L’Avoine se sème dans les décombres, au bord des chemins et près des endroits cultivés, plus facilement que les autres céréales, et se maintient quelquefois de manière à sembler spontanée. Cette remarque a été faite dans des localités très éloignées, comme l’Algérie et le Japon, Paris et le nord de la Chine[1]. Ce genre de faits doit nous rendre sceptiques sur l’Avoine que Bové dit avoir trouvée dans le désert du mont Sinaï. On a prétendu aussi[2] que le voyageur Olivier avait vu l’Avoine sauvage en Perse, mais il n’en parle pas dans son ouvrage. D’ailleurs plusieurs espèces annuelles qui ressemblent beaucoup à l’Avoine ordinaire peuvent tromper un voyageur. Je ne puis découvrir ni dans les livres ni dans les herbiers l’existence de pieds vraiment spontanés, soit en Asie, soit en Europe, et M. Bentham m’a certifié qu’il n’y en a pas dans les riches herbiers de Kew ; mais certainement, comme pour les formes dont je parlerai tout à l’heure, la condition quasi spontanée ou quasi naturalisée est plus fréquente dans les États autrichiens, de Dalmatie en Transylvanie[3], que nulle part ailleurs.

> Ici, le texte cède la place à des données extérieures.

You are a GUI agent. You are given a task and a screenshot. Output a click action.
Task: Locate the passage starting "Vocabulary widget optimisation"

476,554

C’est une indication de l’origine, à ajouter aux probabilités historiques et linguistiques en faveur de l’Europe orientale tempérée.

L’Avena strigosa, Schreber, paraît une forme de l’Avoine ordinaire, d’après des expériences de culture dont parle M. Bentham, en ajoutant, il est vrai, qu’elles méritent confirmation[4]. On peut voir une bonne figure de cette plante dans Host, Icones Graminum austriacorum, 2, pl. 56, qui est intéressante à comparer avec la pl. 59 de l’A. sativa. Du reste, l’Avena strigosa n’a pas été trouvée à l’état spontané. Elle est en Europe dans les champs abandonnés, ce qui appuie l’hypothèse d’une forme dérivée, par suite de la culture.

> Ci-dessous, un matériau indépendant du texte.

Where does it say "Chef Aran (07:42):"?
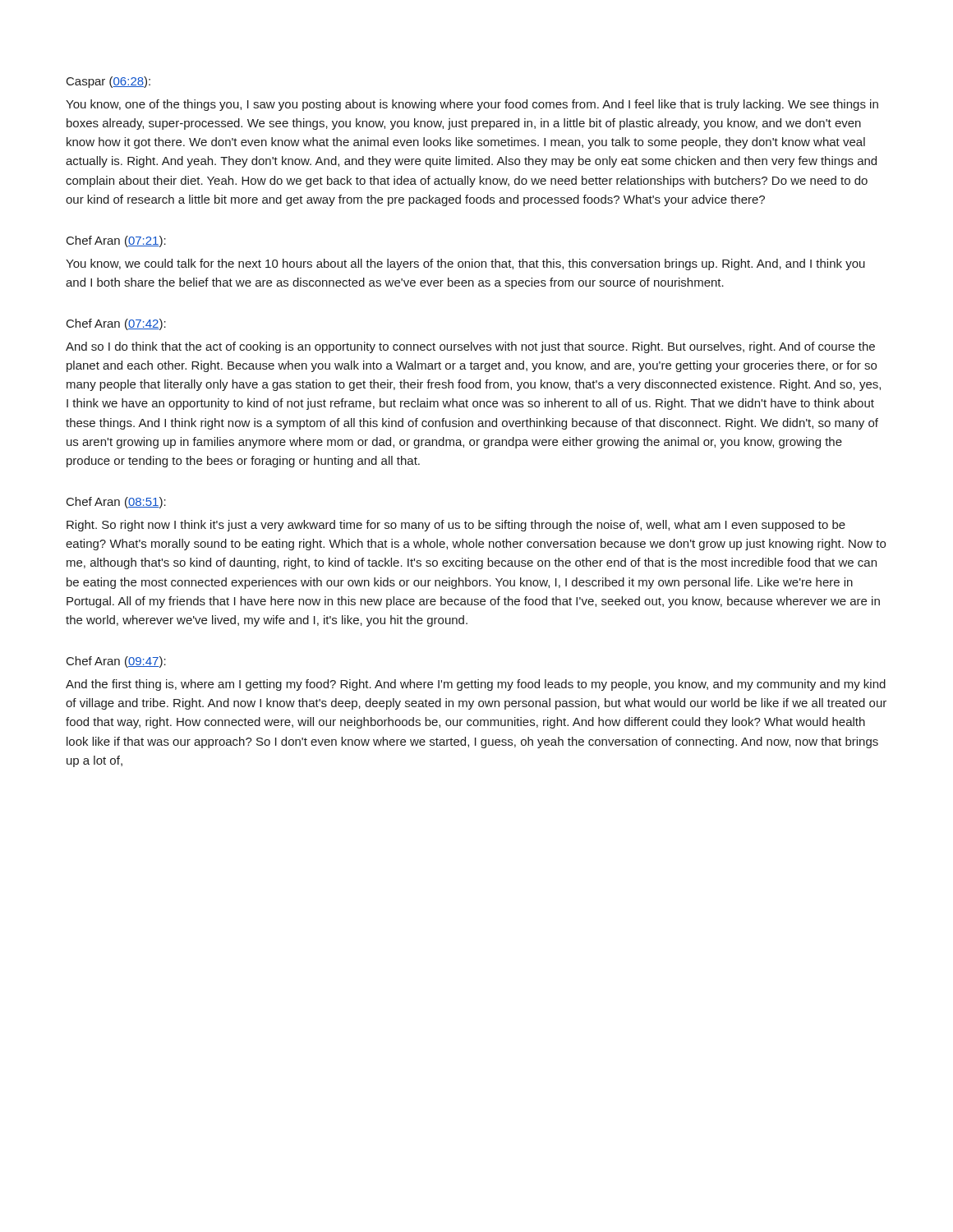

L’Avena orientalis, Schreber, dont les épillets penchent d’un seul côté, est aussi cultivée en Europe depuis la fin du XVIIIe siècle. On ne la connaît pas à l’état spontané. Mélangée souvent avec l’Avoine ordinaire, elle se distingue au premier coup d’œil. Les noms qu’elle porte en Allemagne, Avoine de Turquie ou de Hongrie, montrent une introduction moderne venant de l’est. Host en a donné une excellente figure (Gram. austr., 1, pl. 44).

  1. Munby, Catal. Alger., éd. 2, p. 36 ; Franchet et Savatier, Enum. plant. Jap., 2, p. 175 ; Cosson ; Fl. Paris, 2. p. 637 ; Bunge, Enum. chin., p. 71, pour la variété nuda.
  2. Lamarck, Dict. encycl., 1, p. 331.
  3. Visiani, Fl. dalmat., 1, p. 69 ; Host, Fl. austr., 1, p. 133 ; Neilreich, Fl. Wien., p. 85 ; Baumgarten, Enum. Transylv., 3, p. 259 ; Farkas, Fl. croatica, p. 1277.
  4. Bentham, Handbook of british flora, éd. 4, p. 544.